__EXERCISE__
If a line in the entries below contains "roll", copy it.

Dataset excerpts
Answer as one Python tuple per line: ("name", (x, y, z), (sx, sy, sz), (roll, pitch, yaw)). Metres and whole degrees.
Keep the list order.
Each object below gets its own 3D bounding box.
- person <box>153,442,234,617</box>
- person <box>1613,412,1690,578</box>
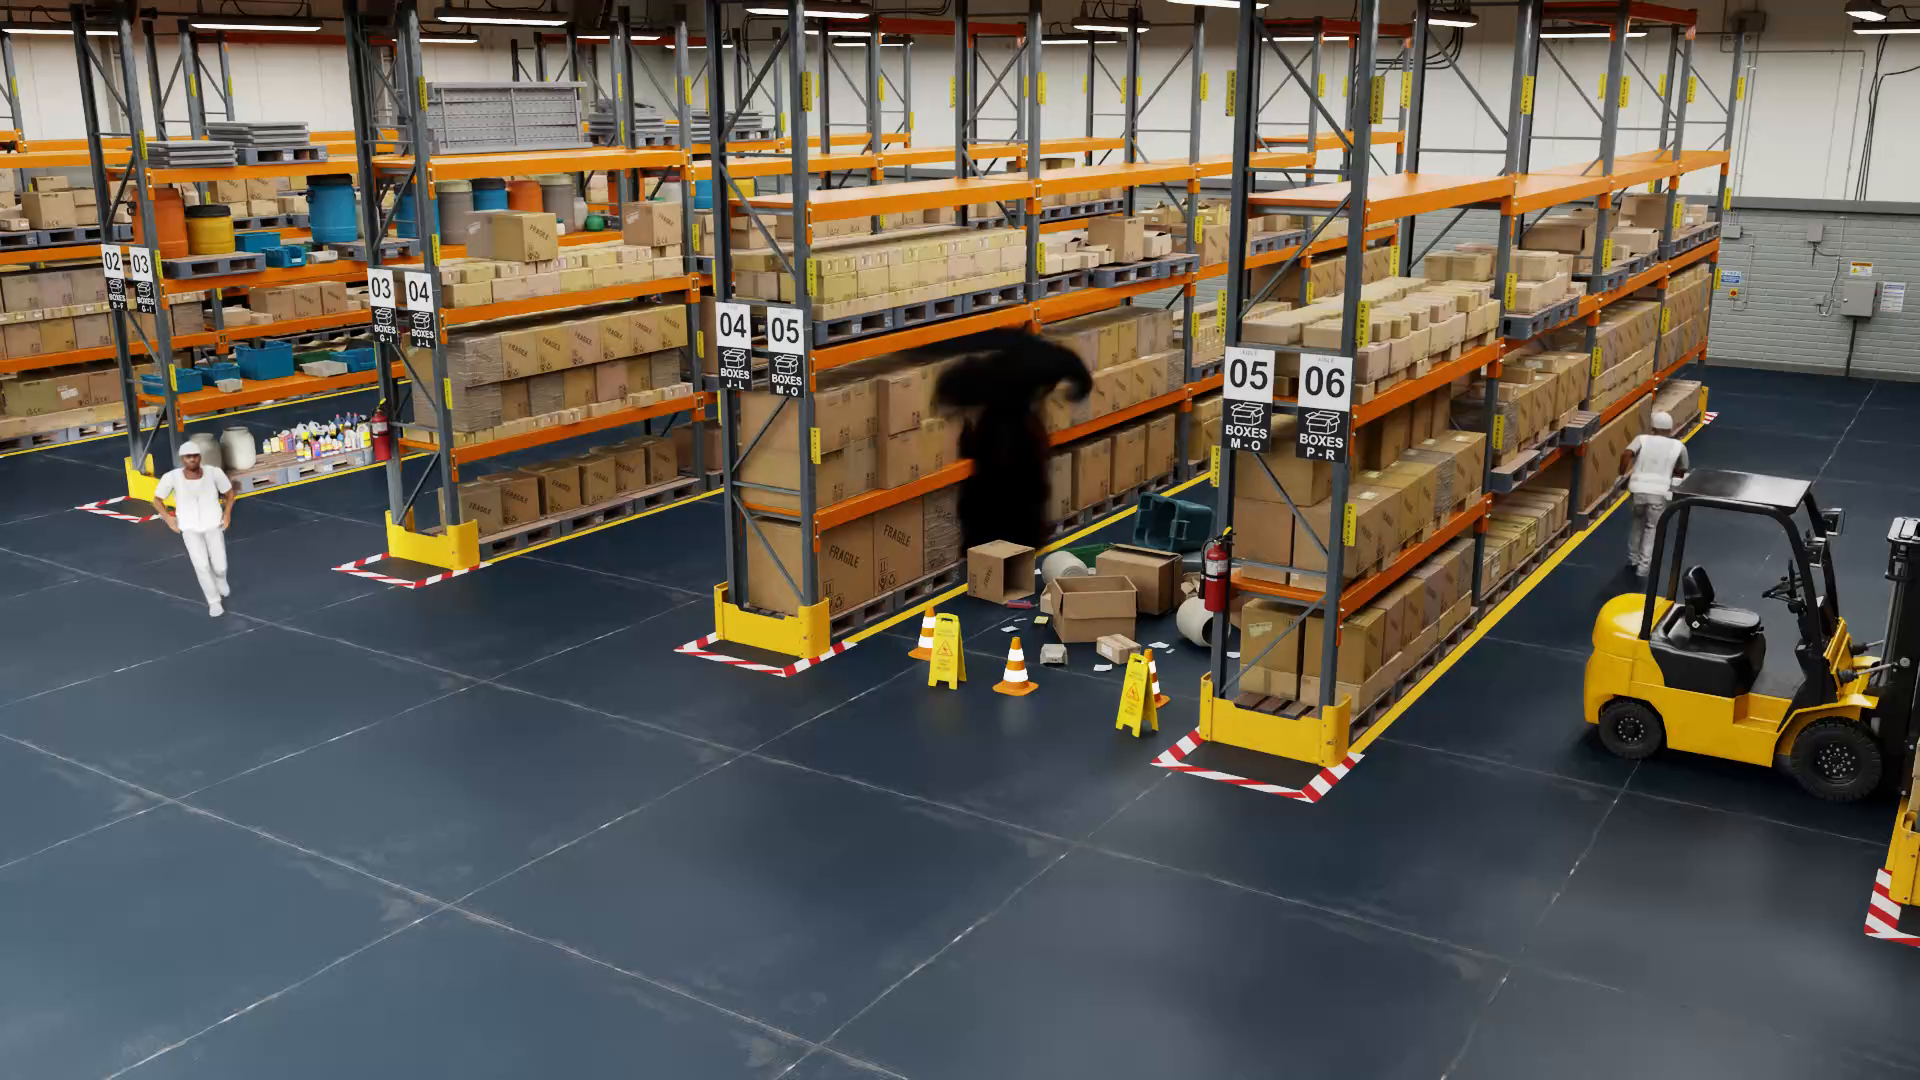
("person", (-7.567, -0.137, 16.509), (0.737, 1.740, 0.663), (-8, 17, -27))
("person", (7.312, -0.468, 17.655), (0.705, 1.748, 0.999), (9, 18, 29))
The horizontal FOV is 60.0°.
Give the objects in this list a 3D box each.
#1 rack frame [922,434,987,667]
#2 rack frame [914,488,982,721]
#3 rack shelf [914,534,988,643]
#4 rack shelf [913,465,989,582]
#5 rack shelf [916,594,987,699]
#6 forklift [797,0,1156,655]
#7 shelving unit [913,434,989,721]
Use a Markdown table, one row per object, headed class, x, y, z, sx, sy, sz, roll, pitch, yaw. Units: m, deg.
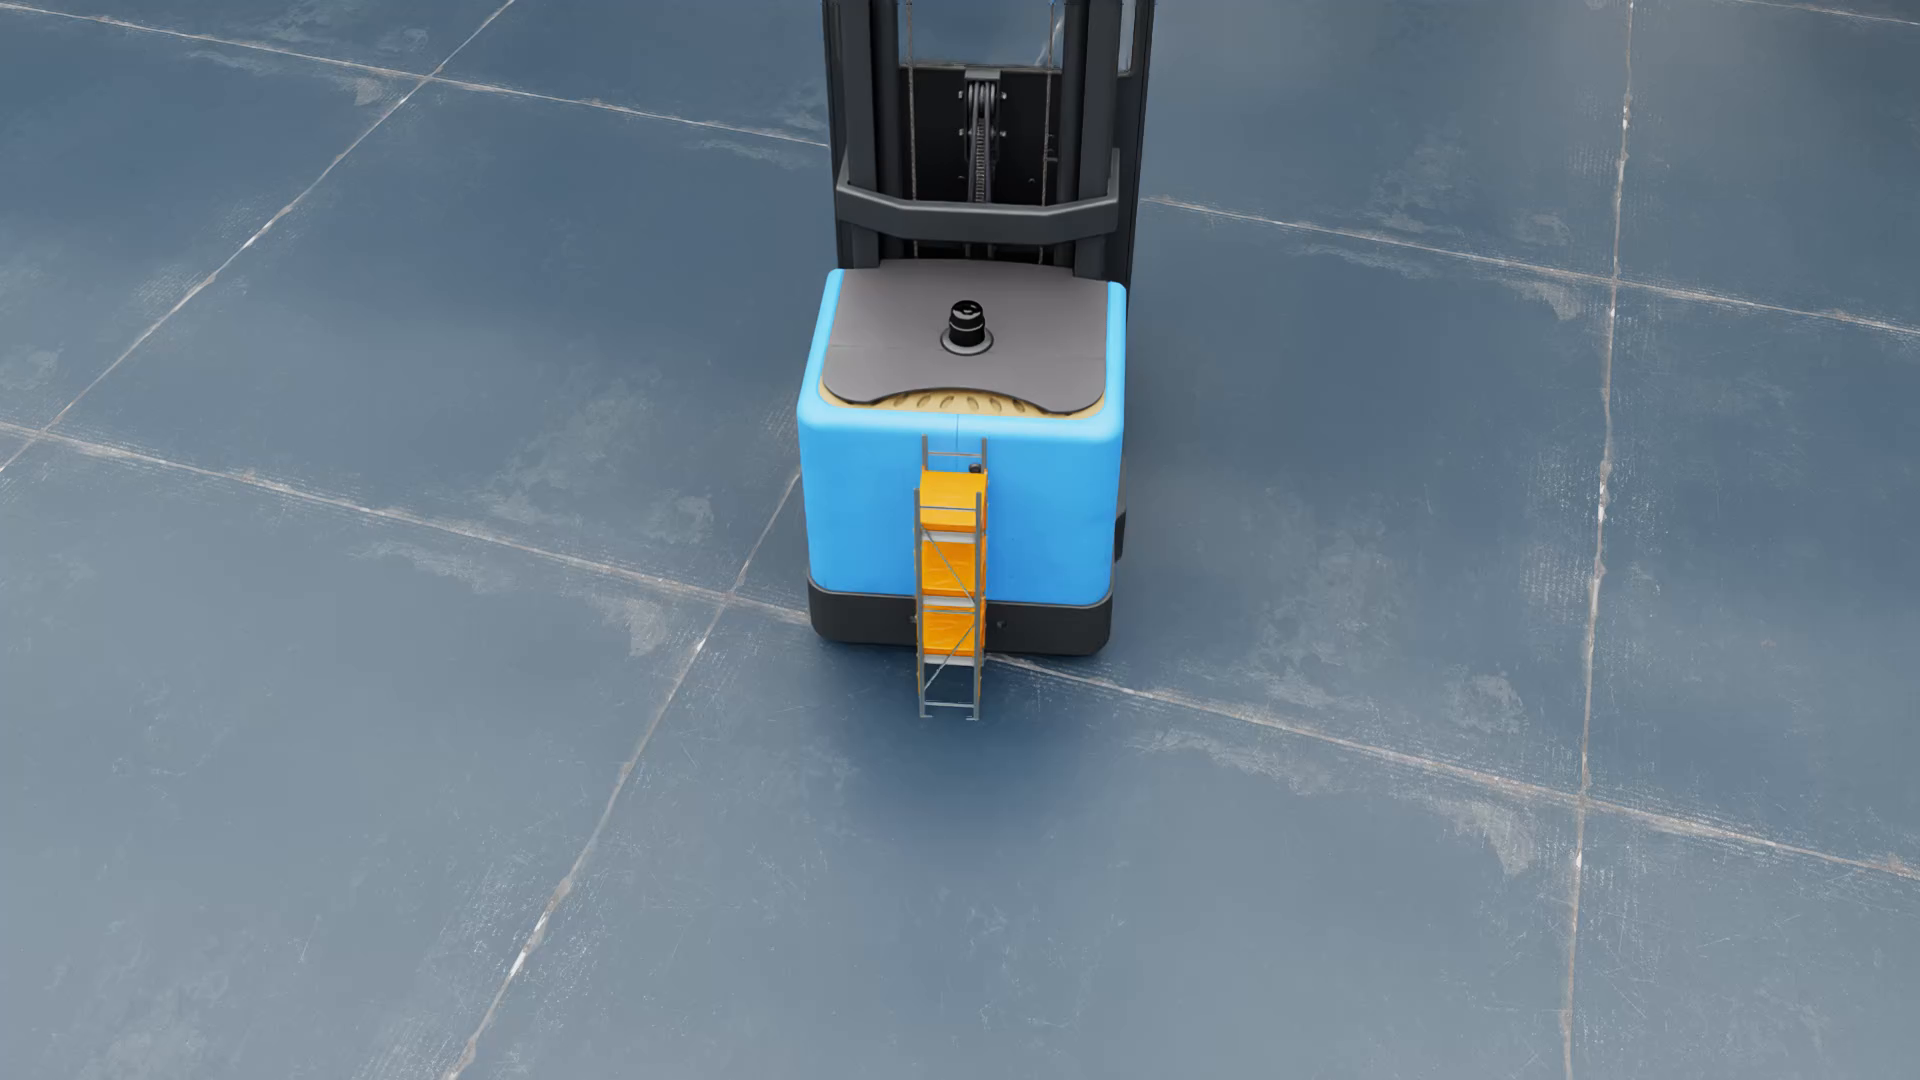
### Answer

__RESULT FOR THIS TASK__
Answer as one Python tuple per line: ("name", (x, y, z), (sx, sy, sz), (roll, pitch, yaw)). Metres and whole degrees.
Use a Markdown table, one row per object, headed class, x, y, z, sx, sy, sz, roll, pitch, yaw. Units: m, deg.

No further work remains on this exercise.